Question

Two bags of iron ore weight 180 kg 250 gm and 270 kg 50 gm respectively. How much iron ore (in gm) must be taken out from the first bag and added to the second bag so that weight of the first bag may then be two-third of the second bag?

• A. 0.13
• B. 13
• C. 130
• D. 500

Answer 1

The Correct Option is C

Given two bags of iron ore, one weighing 180 kg 250 gm and the other 270 kg 50 gm. We need to transfer some iron ore from the first bag to the second such that the first bag's weight becomes two-thirds of the second bag's weight.

Convert the weights of both bags to grams for easier calculations:

• First bag: \(180 \text{ kg } 250 \text{ gm} = 180,250 \text{ gm}\)
• Second bag: \(270 \text{ kg } 50 \text{ gm} = 270,050 \text{ gm}\)

Let \( x \) be the amount of iron ore in grams transferred from the first bag to the second bag. After transferring, the new weight of the first bag will be \(180,250 - x\) and for the second bag, it will be \(270,050 + x\).

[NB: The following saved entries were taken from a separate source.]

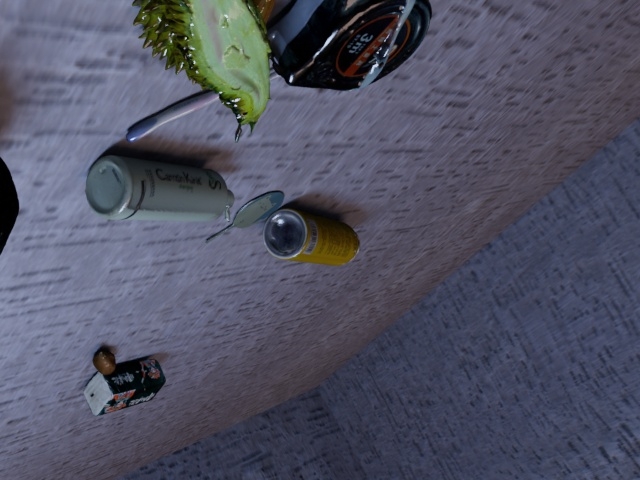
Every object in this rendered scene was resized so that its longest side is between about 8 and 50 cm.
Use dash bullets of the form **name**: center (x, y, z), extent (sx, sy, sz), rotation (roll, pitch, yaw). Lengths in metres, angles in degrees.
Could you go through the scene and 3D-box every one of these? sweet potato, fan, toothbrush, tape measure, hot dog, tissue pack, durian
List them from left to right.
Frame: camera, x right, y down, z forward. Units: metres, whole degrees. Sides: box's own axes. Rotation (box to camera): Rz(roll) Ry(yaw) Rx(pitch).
- **sweet potato**: center (-0.470, 0.260, 1.574), extent (0.049, 0.049, 0.117), rotation (-26, 162, -19)
- **tissue pack**: center (-0.470, 0.352, 1.750), extent (0.103, 0.090, 0.170), rotation (-46, 159, 30)
- **durian**: center (-0.120, -0.219, 0.771), extent (0.132, 0.107, 0.375), rotation (-33, 162, -4)
- **toothbrush**: center (-0.135, -0.193, 0.964), extent (0.269, 0.021, 0.027), rotation (-28, 150, -14)
- **fan**: center (-0.144, -0.042, 1.381), extent (0.175, 0.005, 0.113), rotation (-32, 163, -4)
- **hot dog**: center (-0.075, -0.270, 0.844), extent (0.044, 0.028, 0.137), rotation (-52, 180, -38)
- **tape measure**: center (0.045, -0.273, 0.913), extent (0.182, 0.107, 0.181), rotation (-42, 157, 30)

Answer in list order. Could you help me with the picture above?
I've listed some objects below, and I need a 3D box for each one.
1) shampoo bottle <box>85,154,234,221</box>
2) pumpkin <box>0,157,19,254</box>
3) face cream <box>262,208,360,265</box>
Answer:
- **shampoo bottle**: center (-0.214, -0.070, 1.054), extent (0.085, 0.085, 0.262), rotation (-40, 161, 24)
- **pumpkin**: center (-0.414, -0.026, 0.705), extent (0.233, 0.163, 0.233), rotation (-27, 162, -9)
- **face cream**: center (0.000, 0.000, 1.580), extent (0.105, 0.105, 0.348), rotation (-38, 162, 17)
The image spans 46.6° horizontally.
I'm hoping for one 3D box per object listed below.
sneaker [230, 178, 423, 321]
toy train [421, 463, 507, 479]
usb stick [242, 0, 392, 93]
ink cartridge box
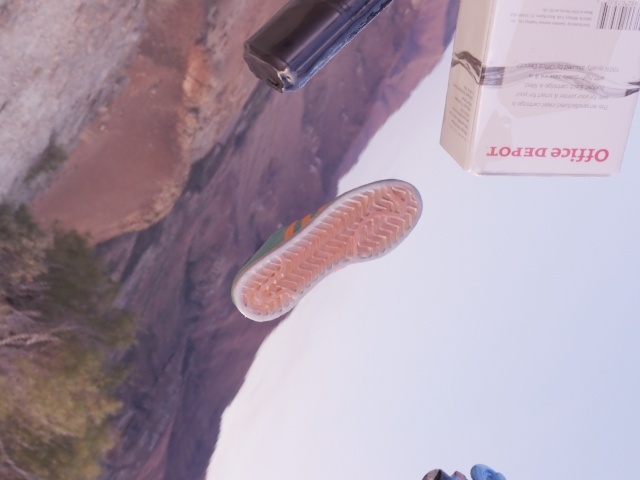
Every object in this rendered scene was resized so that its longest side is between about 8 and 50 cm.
[{"bbox_3d":[0.000,0.000,1.064,0.302,0.108,0.121,-31,-164,-8],"label":"sneaker"},{"bbox_3d":[0.143,0.248,0.551,0.080,0.184,0.105,-53,170,19],"label":"toy train"},{"bbox_3d":[0.046,-0.235,0.649,0.278,0.077,0.045,-45,137,-9],"label":"usb stick"},{"bbox_3d":[0.296,-0.248,0.974,0.129,0.223,0.307,-112,-156,-63],"label":"ink cartridge box"}]
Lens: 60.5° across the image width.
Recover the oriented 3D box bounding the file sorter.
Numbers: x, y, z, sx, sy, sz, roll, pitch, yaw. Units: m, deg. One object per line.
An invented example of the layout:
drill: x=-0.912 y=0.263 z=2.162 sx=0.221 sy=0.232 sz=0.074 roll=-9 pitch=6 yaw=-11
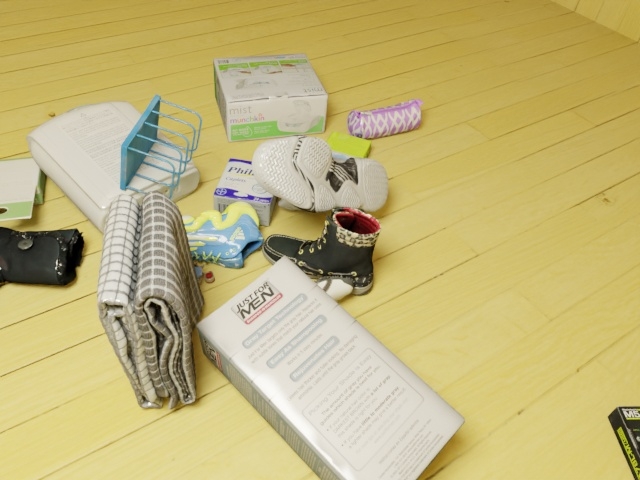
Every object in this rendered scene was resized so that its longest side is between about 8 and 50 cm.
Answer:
file sorter: x=-0.316 y=-0.182 z=1.096 sx=0.104 sy=0.118 sz=0.170 roll=19 pitch=48 yaw=-7

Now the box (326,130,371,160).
box: x=0.050 y=-0.197 z=1.350 sx=0.109 sy=0.042 sz=0.178 roll=17 pitch=46 yaw=11

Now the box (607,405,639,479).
box: x=0.585 y=0.353 z=0.864 sx=0.191 sy=0.045 sz=0.184 roll=1 pitch=43 yaw=-5

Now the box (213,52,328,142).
box: x=-0.137 y=-0.387 z=1.459 sx=0.262 sy=0.126 sz=0.231 roll=-9 pitch=48 yaw=-16

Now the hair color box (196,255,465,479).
hair color box: x=0.005 y=0.218 z=0.836 sx=0.374 sy=0.113 sz=0.185 roll=41 pitch=62 yaw=20

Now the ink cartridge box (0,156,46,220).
ink cartridge box: x=-0.672 y=-0.088 z=1.138 sx=0.171 sy=0.056 sz=0.235 roll=-8 pitch=43 yaw=-15

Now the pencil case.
pencil case: x=0.169 y=-0.324 z=1.460 sx=0.206 sy=0.088 sz=0.086 roll=-16 pitch=51 yaw=-22

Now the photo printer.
photo printer: x=-0.458 y=-0.178 z=1.197 sx=0.307 sy=0.107 sz=0.256 roll=41 pitch=52 yaw=17

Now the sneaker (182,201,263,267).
sneaker: x=-0.221 y=0.008 z=1.083 sx=0.240 sy=0.091 sz=0.126 roll=-25 pitch=61 yaw=-19

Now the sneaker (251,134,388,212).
sneaker: x=-0.039 y=-0.121 z=1.108 sx=0.210 sy=0.137 sz=0.366 roll=3 pitch=-1 yaw=40

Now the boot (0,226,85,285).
boot: x=-0.564 y=0.057 z=0.989 sx=0.207 sy=0.094 sz=0.246 roll=4 pitch=39 yaw=3

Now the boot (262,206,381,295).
boot: x=0.002 y=-0.001 z=1.050 sx=0.236 sy=0.178 sz=0.085 roll=20 pitch=50 yaw=11

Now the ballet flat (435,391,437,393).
ballet flat: x=0.138 y=0.268 z=0.906 sx=0.114 sy=0.041 sz=0.041 roll=3 pitch=45 yaw=-4

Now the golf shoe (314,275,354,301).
golf shoe: x=-0.021 y=0.129 z=1.005 sx=0.198 sy=0.077 sz=0.094 roll=-18 pitch=61 yaw=-14

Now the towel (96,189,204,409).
towel: x=-0.251 y=0.098 z=0.852 sx=0.121 sy=0.283 sz=0.235 roll=-9 pitch=44 yaw=-10

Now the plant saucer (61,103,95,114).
plant saucer: x=-0.555 y=-0.273 z=1.361 sx=0.195 sy=0.037 sz=0.195 roll=3 pitch=45 yaw=-3

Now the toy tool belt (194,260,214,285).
toy tool belt: x=-0.245 y=0.064 z=1.049 sx=0.083 sy=0.051 sz=0.052 roll=-6 pitch=46 yaw=-13

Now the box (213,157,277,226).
box: x=-0.160 y=-0.109 z=1.218 sx=0.126 sy=0.072 sz=0.137 roll=9 pitch=44 yaw=2
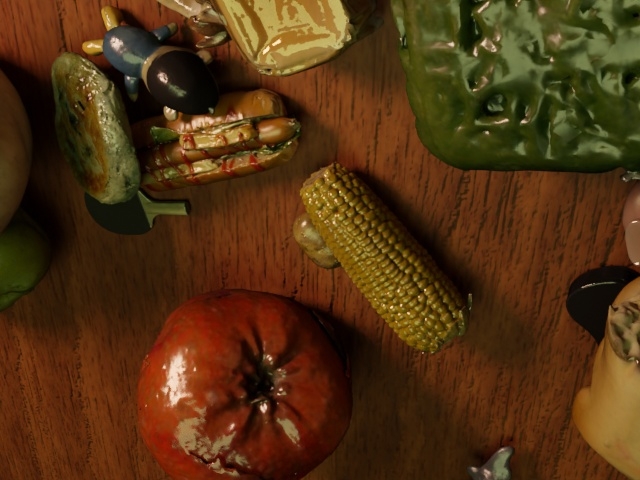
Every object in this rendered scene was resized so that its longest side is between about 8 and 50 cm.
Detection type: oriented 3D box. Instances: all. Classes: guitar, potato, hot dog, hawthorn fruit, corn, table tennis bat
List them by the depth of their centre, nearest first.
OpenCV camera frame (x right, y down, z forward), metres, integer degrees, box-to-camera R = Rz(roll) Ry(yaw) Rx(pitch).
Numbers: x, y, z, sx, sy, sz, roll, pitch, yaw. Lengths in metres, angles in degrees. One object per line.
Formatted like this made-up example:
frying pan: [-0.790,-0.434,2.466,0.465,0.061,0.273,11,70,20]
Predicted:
guitar: [0.375,0.146,1.087,0.084,0.038,0.271,-20,115,34]
hot dog: [-0.133,-0.111,1.087,0.250,0.076,0.104,-6,121,28]
corn: [0.075,0.022,1.088,0.260,0.091,0.091,51,161,-12]
potato: [0.000,0.000,1.134,0.051,0.040,0.083,-28,112,22]
hawthorn fruit: [-0.107,0.219,1.211,0.276,0.276,0.307,29,144,1]
table tennis bat: [-0.241,-0.043,1.220,0.156,0.013,0.087,2,124,22]
potato: [-0.480,0.021,1.279,0.253,0.148,0.186,-9,153,23]

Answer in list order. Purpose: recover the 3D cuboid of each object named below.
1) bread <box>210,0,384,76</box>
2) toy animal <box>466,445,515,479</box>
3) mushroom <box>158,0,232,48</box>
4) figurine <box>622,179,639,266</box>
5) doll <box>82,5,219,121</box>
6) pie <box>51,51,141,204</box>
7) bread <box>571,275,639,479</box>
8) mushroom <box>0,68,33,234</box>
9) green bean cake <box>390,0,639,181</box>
bread: [-0.047,-0.286,0.902,0.136,0.107,0.241,-16,117,28]
toy animal: [0.229,0.450,1.335,0.206,0.081,0.367,-16,117,18]
mushroom: [-0.165,-0.269,0.998,0.187,0.061,0.060,31,135,4]
figurine: [0.363,-0.022,0.918,0.125,0.138,0.125,6,98,43]
doll: [-0.180,-0.194,1.042,0.179,0.089,0.102,39,105,18]
pie: [-0.270,-0.129,1.099,0.187,0.041,0.187,37,139,40]
bread: [0.427,0.159,0.942,0.316,0.211,0.270,16,139,20]
mushroom: [-0.479,-0.121,1.093,0.315,0.315,0.356,34,121,-3]
green bean cake: [0.200,-0.189,0.841,0.250,0.156,0.247,1,123,22]
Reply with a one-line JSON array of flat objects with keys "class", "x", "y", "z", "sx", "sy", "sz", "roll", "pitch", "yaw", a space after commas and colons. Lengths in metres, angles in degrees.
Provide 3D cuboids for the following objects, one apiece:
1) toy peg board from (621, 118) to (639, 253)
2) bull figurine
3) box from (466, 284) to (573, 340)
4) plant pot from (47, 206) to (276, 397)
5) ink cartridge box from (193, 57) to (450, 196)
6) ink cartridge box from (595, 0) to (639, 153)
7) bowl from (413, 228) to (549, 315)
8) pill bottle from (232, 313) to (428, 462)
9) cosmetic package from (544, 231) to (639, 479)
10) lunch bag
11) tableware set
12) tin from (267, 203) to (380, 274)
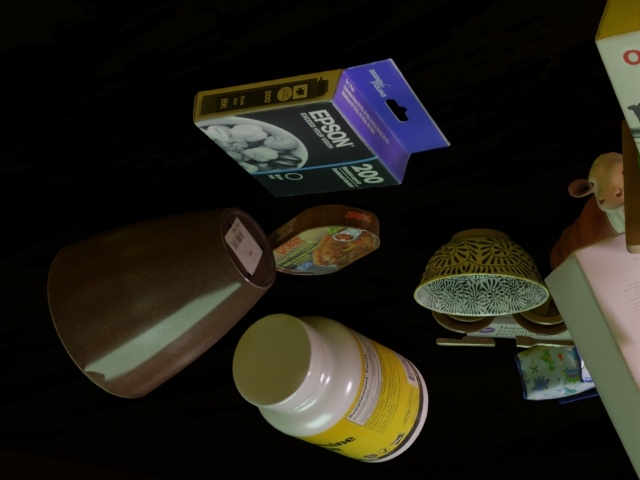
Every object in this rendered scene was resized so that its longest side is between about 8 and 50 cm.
[{"class": "toy peg board", "x": 0.369, "y": -0.079, "z": 1.248, "sx": 0.161, "sy": 0.161, "sz": 0.079, "roll": -4, "pitch": 144, "yaw": 16}, {"class": "bull figurine", "x": 0.336, "y": 0.021, "z": 1.495, "sx": 0.101, "sy": 0.188, "sz": 0.310, "roll": -12, "pitch": 165, "yaw": -3}, {"class": "box", "x": 0.370, "y": 0.105, "z": 1.849, "sx": 0.324, "sy": 0.067, "sz": 0.063, "roll": 4, "pitch": 159, "yaw": -2}, {"class": "plant pot", "x": -0.178, "y": 0.053, "z": 1.610, "sx": 0.230, "sy": 0.215, "sz": 0.215, "roll": -27, "pitch": 148, "yaw": 26}, {"class": "ink cartridge box", "x": 0.007, "y": -0.109, "z": 1.345, "sx": 0.208, "sy": 0.045, "sz": 0.206, "roll": -8, "pitch": 157, "yaw": 21}, {"class": "ink cartridge box", "x": 0.349, "y": -0.110, "z": 1.070, "sx": 0.172, "sy": 0.100, "sz": 0.237, "roll": -12, "pitch": 121, "yaw": 32}, {"class": "bowl", "x": 0.203, "y": 0.034, "z": 1.656, "sx": 0.170, "sy": 0.080, "sz": 0.170, "roll": 2, "pitch": 159, "yaw": 1}, {"class": "pill bottle", "x": 0.015, "y": 0.226, "z": 2.029, "sx": 0.188, "sy": 0.188, "sz": 0.334, "roll": -11, "pitch": 156, "yaw": 30}, {"class": "cosmetic package", "x": 0.456, "y": 0.091, "z": 1.313, "sx": 0.377, "sy": 0.284, "sz": 0.097, "roll": -19, "pitch": 163, "yaw": -16}, {"class": "lunch bag", "x": 0.409, "y": 0.205, "z": 2.087, "sx": 0.151, "sy": 0.096, "sz": 0.129, "roll": 2, "pitch": 162, "yaw": -44}, {"class": "tableware set", "x": 0.248, "y": 0.085, "z": 1.763, "sx": 0.194, "sy": 0.128, "sz": 0.039, "roll": 1, "pitch": 130, "yaw": -1}, {"class": "tin", "x": 0.000, "y": 0.000, "z": 1.648, "sx": 0.106, "sy": 0.040, "sz": 0.190, "roll": 9, "pitch": 159, "yaw": -29}]
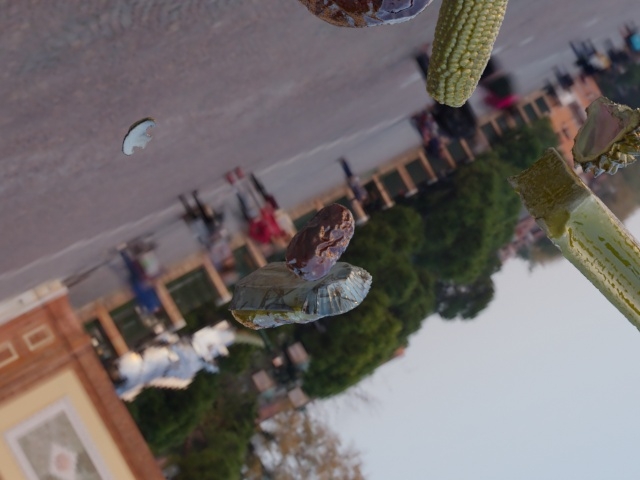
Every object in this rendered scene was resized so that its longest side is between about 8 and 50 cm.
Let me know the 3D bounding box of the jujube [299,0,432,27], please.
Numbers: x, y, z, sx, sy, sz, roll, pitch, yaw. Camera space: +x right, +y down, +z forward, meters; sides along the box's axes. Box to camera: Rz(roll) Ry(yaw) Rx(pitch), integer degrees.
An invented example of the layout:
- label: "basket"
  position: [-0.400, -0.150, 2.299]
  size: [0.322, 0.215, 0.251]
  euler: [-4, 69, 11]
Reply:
- label: "jujube"
  position: [0.086, -0.563, 2.099]
  size: [0.276, 0.277, 0.377]
  euler: [-29, -157, -15]

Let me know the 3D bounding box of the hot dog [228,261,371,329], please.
- label: "hot dog"
  position: [-0.037, 0.090, 1.739]
  size: [0.270, 0.082, 0.162]
  euler: [-3, -153, 46]

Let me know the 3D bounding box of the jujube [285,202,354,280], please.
- label: "jujube"
  position: [0.000, 0.000, 1.551]
  size: [0.129, 0.077, 0.077]
  euler: [-56, -170, -19]

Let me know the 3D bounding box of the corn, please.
- label: "corn"
  position: [0.225, -0.345, 1.546]
  size: [0.101, 0.101, 0.310]
  euler: [-30, 140, -53]

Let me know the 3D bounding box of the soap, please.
- label: "soap"
  position: [0.424, 0.017, 1.541]
  size: [0.091, 0.315, 0.199]
  euler: [-42, -157, 13]

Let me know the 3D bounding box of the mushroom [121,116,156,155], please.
- label: "mushroom"
  position: [-0.354, -0.203, 2.029]
  size: [0.101, 0.049, 0.019]
  euler: [-45, -145, 26]

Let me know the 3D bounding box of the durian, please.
- label: "durian"
  position: [0.467, -0.167, 1.670]
  size: [0.140, 0.078, 0.224]
  euler: [-53, -166, 23]

According to the problem, the weight of the first bag should be two-thirds of the second bag after transferring. Therefore, we have the equation:

\[\frac{2}{3}(270,050 + x) = 180,250 - x\]

Solving for \( x \):

• \(2(270,050 + x) = 3(180,250 - x)\)
• \(540,100 + 2x = 540,750 - 3x\)
• \(2x + 3x = 540,750 - 540,100\)
• \(5x = 650\)
• \(x = \frac{650}{5} = 130\)

Thus, 130 grams of iron ore should be taken from the first bag and added to the second to satisfy the condition.